Jeans pria: fitur utama, cara memilih dengan benar
- 25.02.2025
Jeans pria bersifat universal dan bergaya. Mereka dipakai di kantor, di sekitar kota, saat liburan, melakukan pekerjaan rumah tangga. Pasar menawarkan gaya dan model yang berbeda dari pakaian ini. Mari pertimbangkan fitur utama jeans pria. Bagaimana cara memilihnya dengan benar?
Fitur utama jeans pria
Untuk pria, jeans dibuat dengan siluet yang berbeda, yang ditandai dengan ikon Fit pada labelnya:
- Classic Fit - jeans dasar yang cocok untuk semua tinggi dan bentuk tubuh. Jeans ini memiliki ukuran yang lurus dan longgar. Mereka menyembunyikan kepenuhan atau ketipisan yang berlebihan. Jeans ini dapat dikenakan dengan pakaian apa pun.
- Slim Fit jeans adalah jeans dengan ukuran yang ramping. Mereka tidak mengencangkan kaki dan dapat menyembunyikan kekurangan kecil pada gambar. Namun, Slim Fit tidak cocok untuk pria yang rentan terhadap obesitas. Mereka dipadukan dengan kaos oblong dasar, kemeja, blazer yang pas dengan pakaian lain.
- Slim Fit - awalnya model wanita. Namun, sekarang jeans seperti itu dibuat untuk pria. Slim Fit terbuat dari denim tipis dengan elastin, bahannya melar. Mereka dipakai oleh pria dengan kaki ramping. Slim Fit dipadukan dengan kaos oblong, kemeja, jumper. Dengan jeans seperti itu kenakan atasan yang tebal. Mereka tidak dikenakan dengan kaos ketat, turtleneck atau kemeja gaya bisnis.
- Jeans santai berpotongan longgar tetapi tidak longgar. Siluet celana tersebut santai dan alami, pas sedikit ceroboh. Penting untuk diperhatikan bahwa mereka tidak menyembunyikan kepenuhan, tetapi secara visual meningkatkan volume kaki.
- Loose Fit - model jeans terluas. Mereka longgar dan ceroboh. Kantong di atasnya ditempatkan rendah, celananya panjang. Mereka dikenakan dengan kaus, kaus tebal, dan jumper kebesaran. Sepatu padat dikenakan di kaki.
Jeans pria berbeda dalam ukurannya - tinggi pinggang celana dalam kaitannya dengan pinggang:
- High fit - bagian pinggang celana berada di atas pinggang.

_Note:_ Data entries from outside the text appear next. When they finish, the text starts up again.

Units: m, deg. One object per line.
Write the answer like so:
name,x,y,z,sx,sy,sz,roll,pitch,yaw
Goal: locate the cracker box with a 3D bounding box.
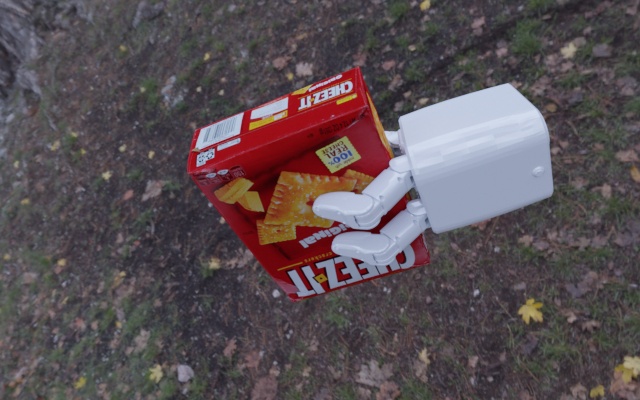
cracker box,0.000,0.001,0.465,0.164,0.072,0.214,-18,-48,14
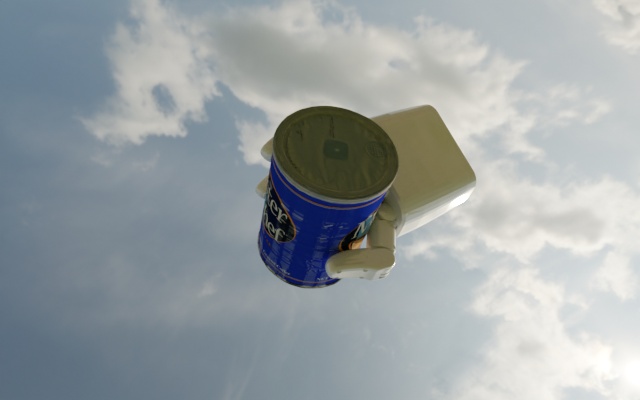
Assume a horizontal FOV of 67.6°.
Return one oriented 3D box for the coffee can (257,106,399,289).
[{"bbox_3d":[0.000,0.001,0.432,0.103,0.102,0.140,0,-38,-14],"label":"coffee can"}]
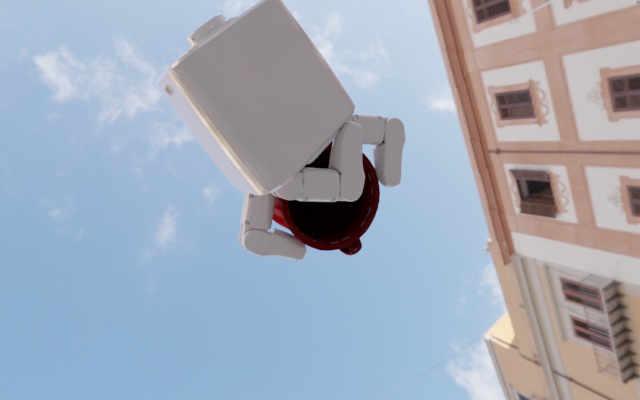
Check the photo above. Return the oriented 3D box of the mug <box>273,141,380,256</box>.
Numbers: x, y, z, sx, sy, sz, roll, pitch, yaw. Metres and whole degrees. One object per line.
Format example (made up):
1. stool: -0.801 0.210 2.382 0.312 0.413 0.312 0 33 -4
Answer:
1. mug: 0.001 0.002 0.442 0.093 0.117 0.081 -40 21 -15
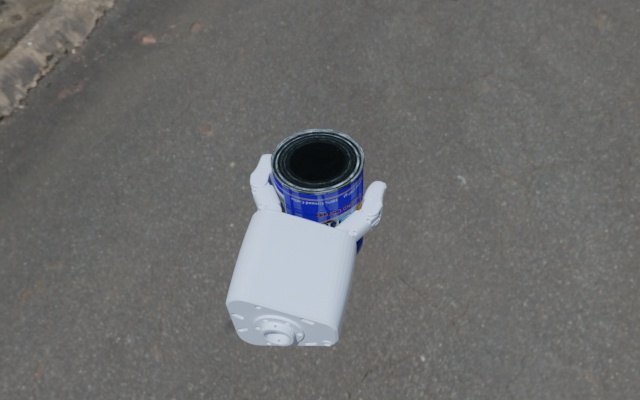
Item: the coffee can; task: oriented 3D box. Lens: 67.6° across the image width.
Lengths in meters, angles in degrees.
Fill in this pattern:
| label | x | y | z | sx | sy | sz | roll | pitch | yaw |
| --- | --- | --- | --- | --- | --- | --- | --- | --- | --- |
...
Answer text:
| label | x | y | z | sx | sy | sz | roll | pitch | yaw |
| --- | --- | --- | --- | --- | --- | --- | --- | --- | --- |
| coffee can | 0.000 | 0.002 | 0.566 | 0.103 | 0.102 | 0.140 | 0 | -42 | 4 |
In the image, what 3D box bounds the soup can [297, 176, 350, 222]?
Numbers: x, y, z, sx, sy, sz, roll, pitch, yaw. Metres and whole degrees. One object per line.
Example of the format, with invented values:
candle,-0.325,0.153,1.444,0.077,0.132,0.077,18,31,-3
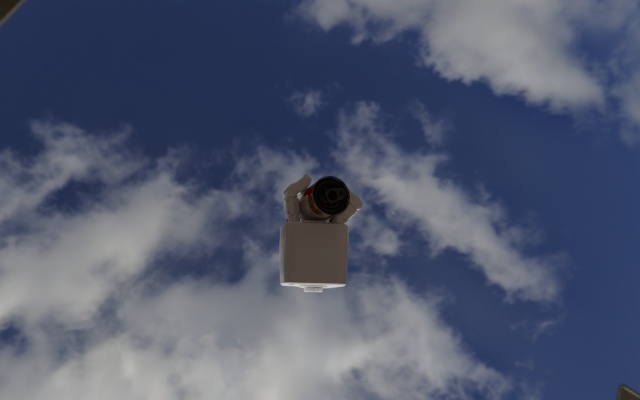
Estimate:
soup can,0.000,0.002,0.840,0.068,0.068,0.102,0,-13,-22
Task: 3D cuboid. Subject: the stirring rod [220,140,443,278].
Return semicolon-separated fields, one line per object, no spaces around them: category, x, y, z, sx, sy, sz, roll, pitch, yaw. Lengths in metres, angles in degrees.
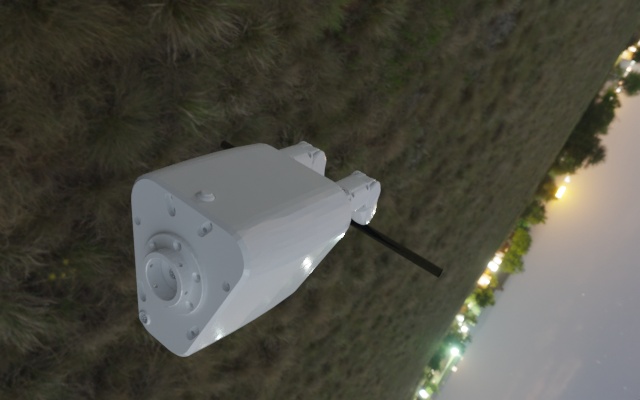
stirring rod;0.000;0.001;0.426;0.239;0.011;0.011;31;12;22
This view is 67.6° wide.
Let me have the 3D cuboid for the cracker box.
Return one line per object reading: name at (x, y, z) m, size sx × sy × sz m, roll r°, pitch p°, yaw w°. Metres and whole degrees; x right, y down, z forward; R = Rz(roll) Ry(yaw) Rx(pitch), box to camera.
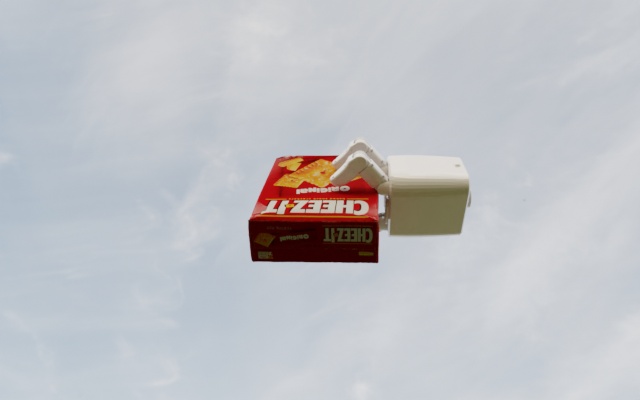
cracker box at (0.000, 0.002, 0.682) m, size 0.164 × 0.072 × 0.213 m, roll -1°, pitch 26°, yaw 6°
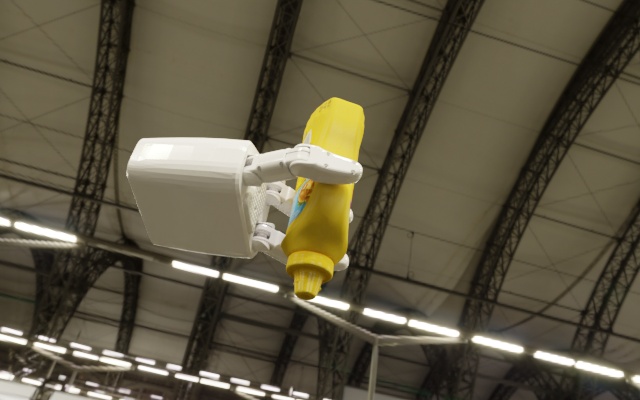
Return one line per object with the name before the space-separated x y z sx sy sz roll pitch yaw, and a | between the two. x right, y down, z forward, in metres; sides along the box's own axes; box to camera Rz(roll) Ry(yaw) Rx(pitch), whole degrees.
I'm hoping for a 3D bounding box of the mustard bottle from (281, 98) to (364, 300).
mustard bottle | 0.000 0.001 0.452 0.058 0.191 0.096 18 -34 -11

- Medium fit - ban pinggang berada di garis pinggang.
- Fit rendah - ban pinggang tidak mencapai garis pinggang.
Dalam hal warna, celana jeans untuk pria tersedia dalam warna biru klasik, biru, hitam, abu-abu. Juga pakaian seperti itu dicat dengan warna-warna cerah, merah, oranye, hijau. Untuk pakaian sehari-hari dan acara-acara informal, jeans dengan warna apa pun cocok. Jika akan dipakai untuk pertemuan bisnis dan bekerja di kantor, warna klasik yang disukai adalah biru muda hingga hitam.
Bagaimana memilih celana jeans pria
Perhatikan karakteristik celana jeans untuk pria:
- Gaya apa yang dibutuhkan tergantung pada di mana jeans akan dikenakan. Untuk ke kantor cocok dengan model klasik dengan celana lurus atau sedikit meruncing. Untuk rekreasi, jalan-jalan di kota memilih jeans model apa pun.
- Sosok seorang pria sangat menentukan jeans apa yang cocok untuknya. Pada pria langsing bertubuh sedang terlihat bagus model apa pun. Jika ada kelebihan berat badan, pilih jeans klasik. Pria kurus lebih baik tidak memakai model skinny yang terlalu ketat atau jeans yang sangat tebal dan longgar.
- Bahan jeans terbuat dari denim tebal atau tipis. Itu dipilih sesuai dengan musim. Untuk musim panas, kain tipis sangat ideal, untuk musim gugur, musim dingin, dan musim semi - lebih padat.
Pilih jeans dari produsen berkualitas. Perhatikan bagaimana jahitannya dibuat, apakah tidak ada benang yang menempel. Tentukan ukuran akan membantu tabel ukuran dan sebutan pada label jeans.